When I come home from New York after 8:00 PM, I invariably take Amtrak because SEPTA has a unique ability to make a 2 hour trip into a trip of over 3 hours. If you're unlucky enough to take the 10:08 PM NJT transit to Philadelphia, be ready for a LONG wait. The train arrives in Trenton at about 11:18, which is when SEPTA takes a break in their hourly service. It is a break that lasts until about 12:46 at night, which means that you miss last call.

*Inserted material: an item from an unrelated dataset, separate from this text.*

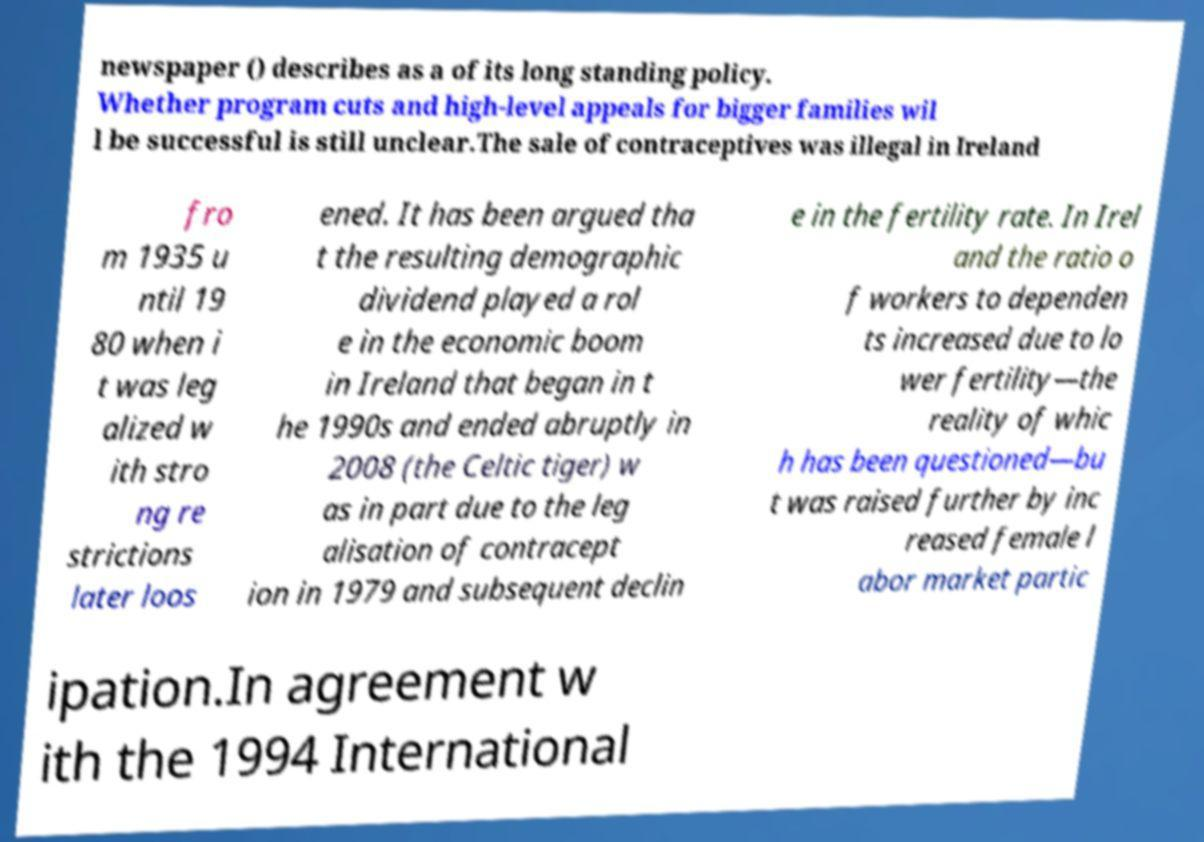What messages or text are displayed in this image? I need them in a readable, typed format. newspaper () describes as a of its long standing policy. Whether program cuts and high-level appeals for bigger families wil l be successful is still unclear.The sale of contraceptives was illegal in Ireland fro m 1935 u ntil 19 80 when i t was leg alized w ith stro ng re strictions later loos ened. It has been argued tha t the resulting demographic dividend played a rol e in the economic boom in Ireland that began in t he 1990s and ended abruptly in 2008 (the Celtic tiger) w as in part due to the leg alisation of contracept ion in 1979 and subsequent declin e in the fertility rate. In Irel and the ratio o f workers to dependen ts increased due to lo wer fertility—the reality of whic h has been questioned—bu t was raised further by inc reased female l abor market partic ipation.In agreement w ith the 1994 International

Whether I take Amtrak or the local lines, I always bring a beer or two on the train. Those few times I have been stuck waiting for SEPTA in the Trenton station without my own beer, I've had to go across the street to the nearest bar, which is one I try to avoid. The bartenders are unfriendly; the crowd is middle-aged, suburban, and ugly; the prices are steep; and they're boycotting Grey Goose vodka, which is made in France and France didn't support the Iraq invasion. Quite frankly, what's annoying about this fact is not so if the barowner was really serious in boycotting the French, he shoudl remove all the French wine they serve and all the French cognac as well. Vodka isn't exactly France's big export. Yet the shelves remain stocked with Remy Martin and wines from all over France.

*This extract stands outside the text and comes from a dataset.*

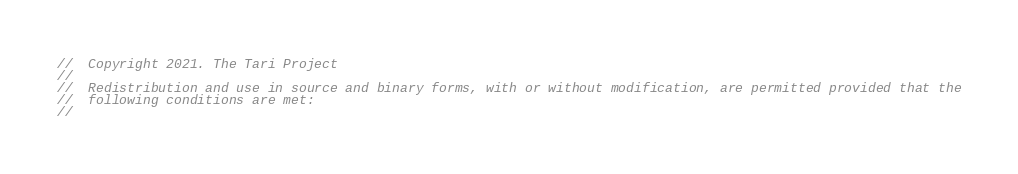<code> <loc_0><loc_0><loc_500><loc_500><_Rust_>//  Copyright 2021. The Tari Project
//
//  Redistribution and use in source and binary forms, with or without modification, are permitted provided that the
//  following conditions are met:
//</code>

An observation: new Yorks subway stations are crawling with armed soldiers clad in camoflage and black berets, toting M-16s. This of course is to "ward off terrorists" and "make New Yorkers safer."
Well.
I can say that, from my perspective, these soldiers don't make me feel safer at all. They make me feel as if I live in a police state, which isn't so much hyperbole anymore. They also raise some questions. Camoflage is supposed to hide soldiers in the jungle: here in Penn station, it only makes them stand out. Also, those M-16s don't seem like the sort of thing that's going to ward off a terrorist who's outfitted him or herself with a belt loaded with dynamite. It may ward off someone trying to enter Penn station with an Uzi, but if a firefight was to break out between US soldiers and terrorists, civilians would only be caught in the crossfire: no one would be "protected." Call me a wacky nutjob, but I don't see some angry jihadist saying "I'd better not go detonate myself at Penn Station, because I might get shot." Once that guy decides to blow up his overcoat, no M-16 in the world is going to help. And a gun certainly can't detect someone who's probably going out of their way to be inconspicuous.
You know what would make me feel safer in Penn Station (and Smith-9th Street, and 14th Street/ Union Square, etc etc)?
EMTs and bomb-sniffing dogs.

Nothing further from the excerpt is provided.